In addition, 78 InIRA L2 images of ISWs in the Sea of Japan were acquired and processed; then, the crest lines of the ISWs were extracted, and whether these data can be used to further analyze the spatial distribution characteristics of ISWs was explored. Figure 4 shows the spatial distribution characteristics of the ISWs in the Sea of Japan. The red solid lines in Figure 4 delineate the crest lines of the ISWs extracted from the InIRA images, while the gray solid lines signify ISWs obtained from Moderate Resolution Imaging Spectroradiometer (MODIS) images from 2015 to 2019. The water depth data are from ETOPO1. An analysis of the MODIS results shows that the ISWs in the Sea of Japan are distributed mainly in the deep-sea basin and the Tsushima Strait on the northeast side of Jeju Island. In addition, the ISWs in this sea area exhibit very complex structural features, with many sources and multidirectional propagation paths. The lengths of the crest lines of the leading ISWs vary from a few kilometers to a hundred kilometers. The spatial distribution of InIRA-imaged ISWs in the Sea of Japan conforms to the same characteristics as those obtained by MODIS. The spatial scale of these ISWs is small, and their propagation directions intersect. Conversely, the locations at which these ISWs mainly occur are consistent with the MODIS results. However, due to the download limit on InIRA data, it is impossible to fully describe the characteristics of ISWs in this area. Nevertheless, these analyses demonstrate the potential of InIRA in obtaining surface information from ISWs.

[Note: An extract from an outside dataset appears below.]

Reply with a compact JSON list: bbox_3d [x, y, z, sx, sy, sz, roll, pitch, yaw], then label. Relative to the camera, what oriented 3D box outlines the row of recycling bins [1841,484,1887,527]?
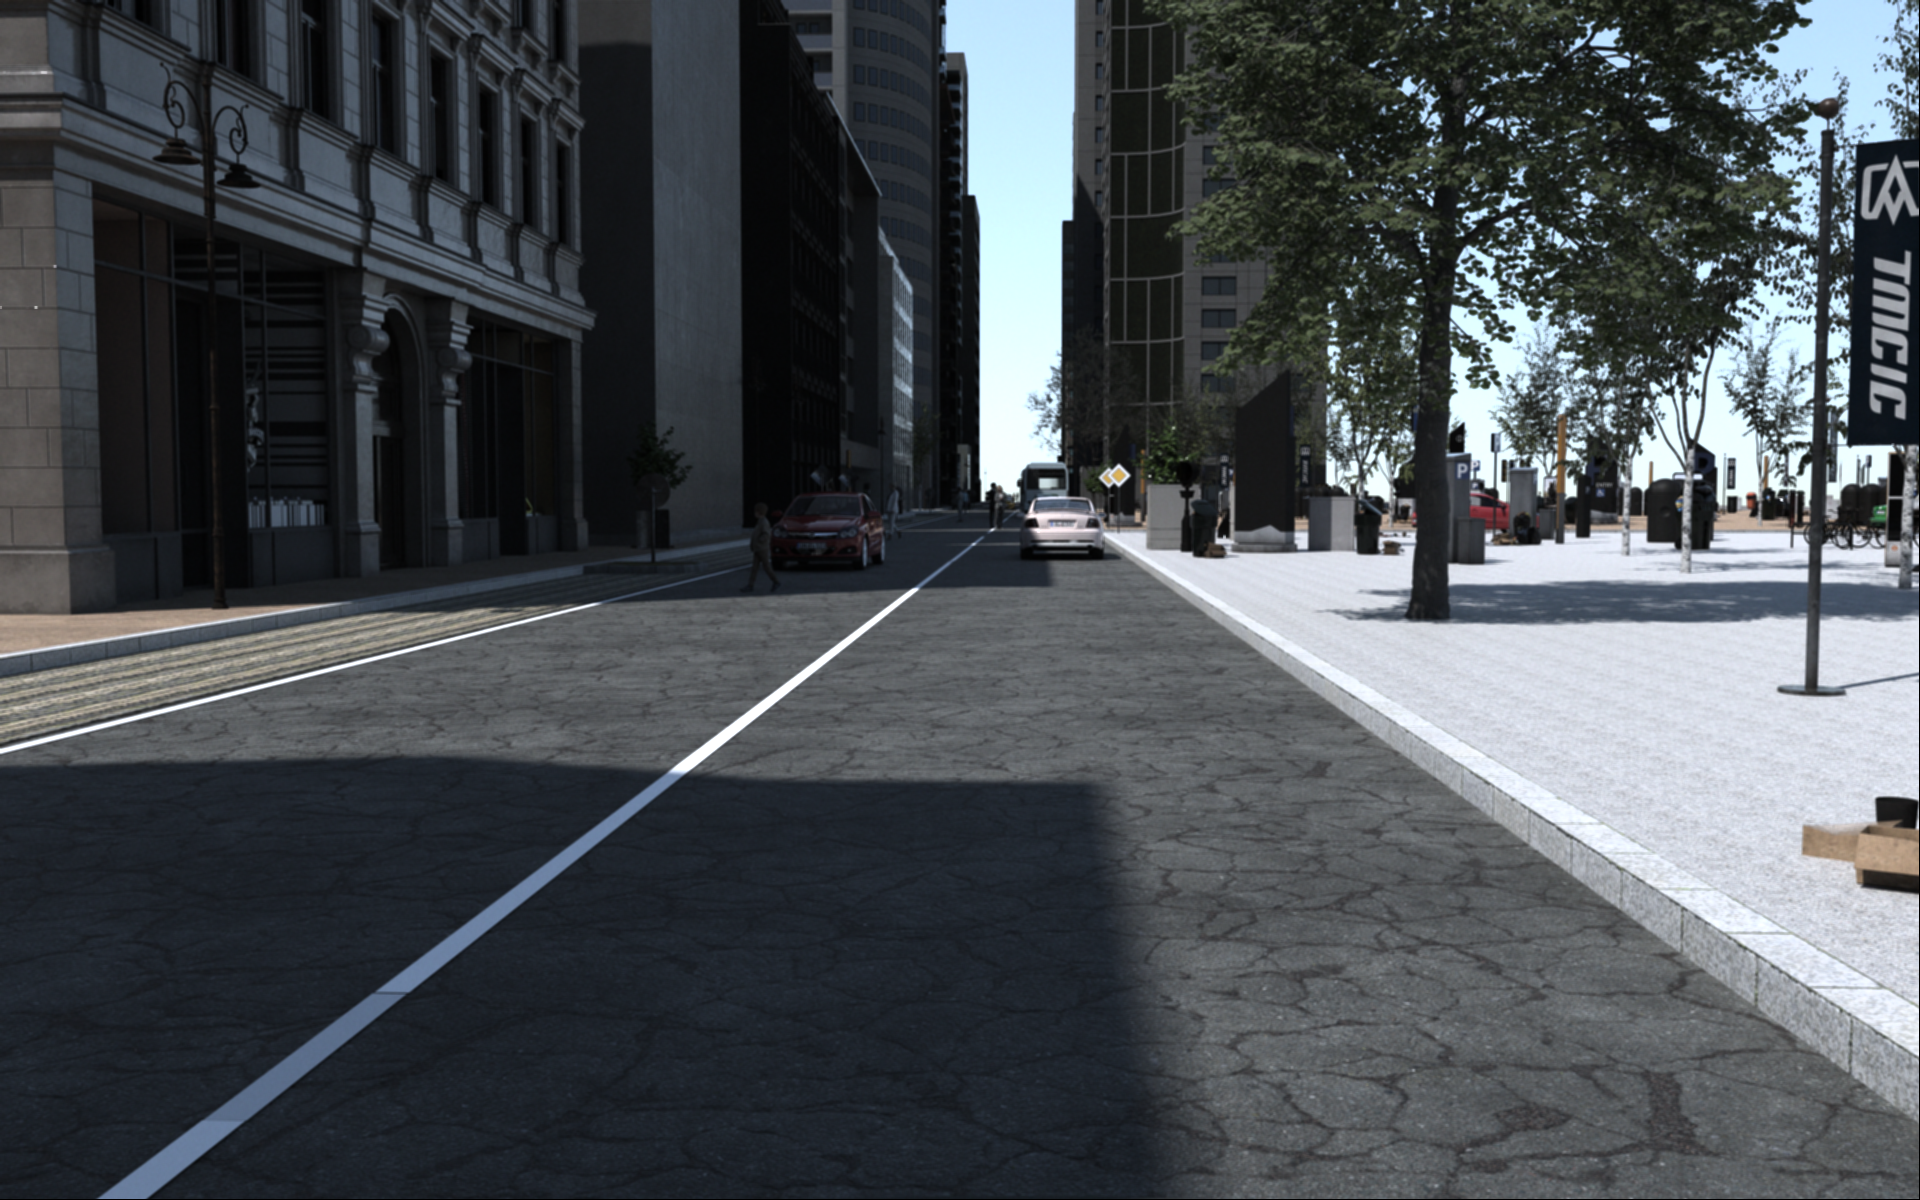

3.1.2. Contrast with Optical Remote Sensing Images

Optical remote sensing is commonly employed in the research and detection of ISWs. The advantages of optical sensors are a large swath width and high temporal resolution. To analyze the reliability of InIRA onboard Tiangong-2 as a new type of sensor in the acquisition of ISW surface information, this section compares the differences between InIRA and MODIS, a traditional optical remote sensing instrument.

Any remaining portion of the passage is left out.